In my 20s, I had suburbanites figured out. With a few exceptions, they were status-conscious white folks who had fled the cities because they couldn't stomach sending their children to school with black and brown kids. Radical, justice-seeking Christians, on the other hand, lived either in the city—thus throwing their lot in with the poor as Jesus did—or on farms—thus tending the earth, God's good creation. Suburbia, that rather tedious space between the two, was the home of uncritical and consumptive creatures, with a propensity for megachurches and holiday-themed porch flags.
Then in my 30s I moved there. At first I pretended that my new town, charmingly called a "village" on one sign, wasn't actually a suburb—and it's not, if you don't count the countless small towns being gussied up (and gutted) by sprawl.

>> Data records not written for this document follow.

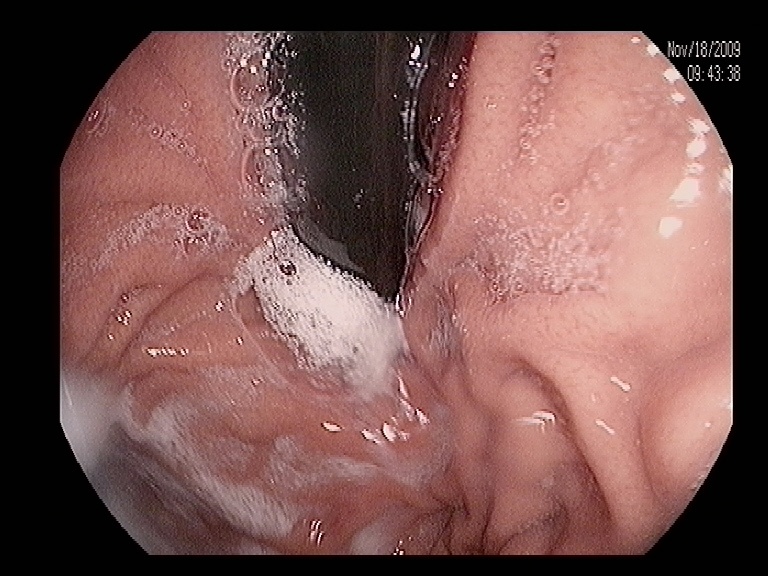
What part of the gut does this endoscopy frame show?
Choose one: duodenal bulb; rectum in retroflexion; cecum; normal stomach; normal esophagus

normal stomach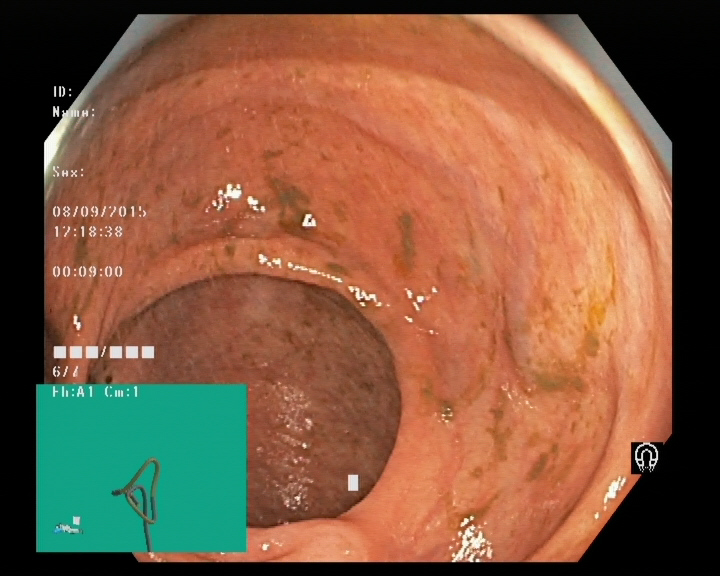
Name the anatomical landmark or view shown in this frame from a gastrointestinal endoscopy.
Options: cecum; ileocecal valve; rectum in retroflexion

ileocecal valve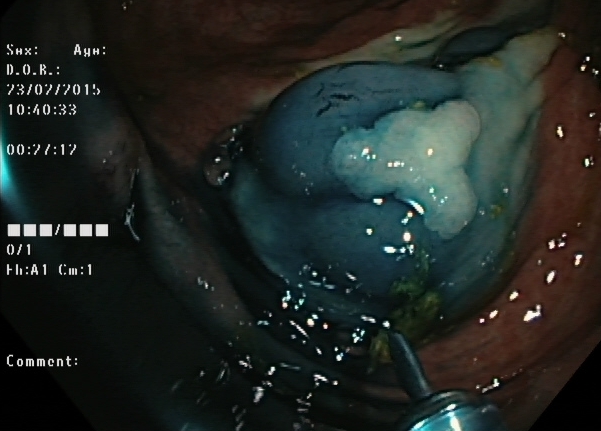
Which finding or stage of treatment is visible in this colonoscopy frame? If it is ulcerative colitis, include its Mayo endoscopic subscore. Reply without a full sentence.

dyed and lifted polyp (pre-resection)

I convinced myself that my neighborhood of mostly 1960s ranches was fundamentally different from the new subdivisions springing up around it—even though, a few decades ago, my development would have been the offensive new kid in town. "Sprawl is where other people live, the result of other people's poor choices," architectural historian Robert Bruegmann has written.

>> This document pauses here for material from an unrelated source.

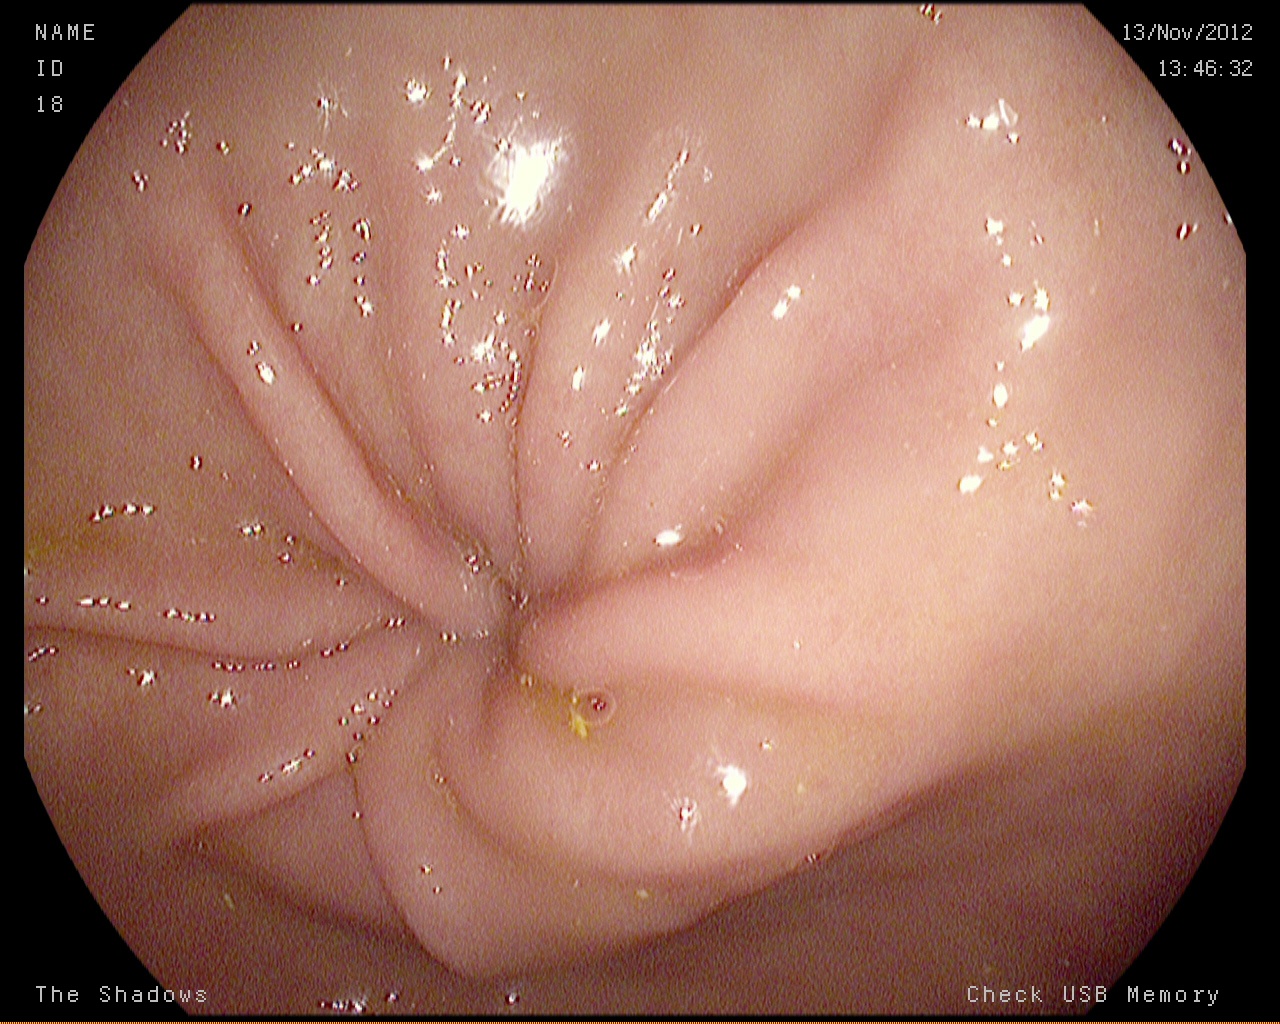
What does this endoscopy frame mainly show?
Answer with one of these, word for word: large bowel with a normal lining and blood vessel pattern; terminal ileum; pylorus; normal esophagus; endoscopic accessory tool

pylorus

If suburbia is the largely residential area within commuting distance of a city, however, then here I am: smack-dab in the middle of what has been called "the geography of nowhere." The story of my move to nowhere is a long one—and a rather tired one, actually—about romantic ideals of living in the city knocking up against the realities of raising three small children there. Some would challenge that it's also a narrative of subconscious racism and class privilege, both of which are distinct possibilities. Whatever the truth, suffice it to say that I now know something of the swiftness with which self-righteousness can bake itself into humble pie.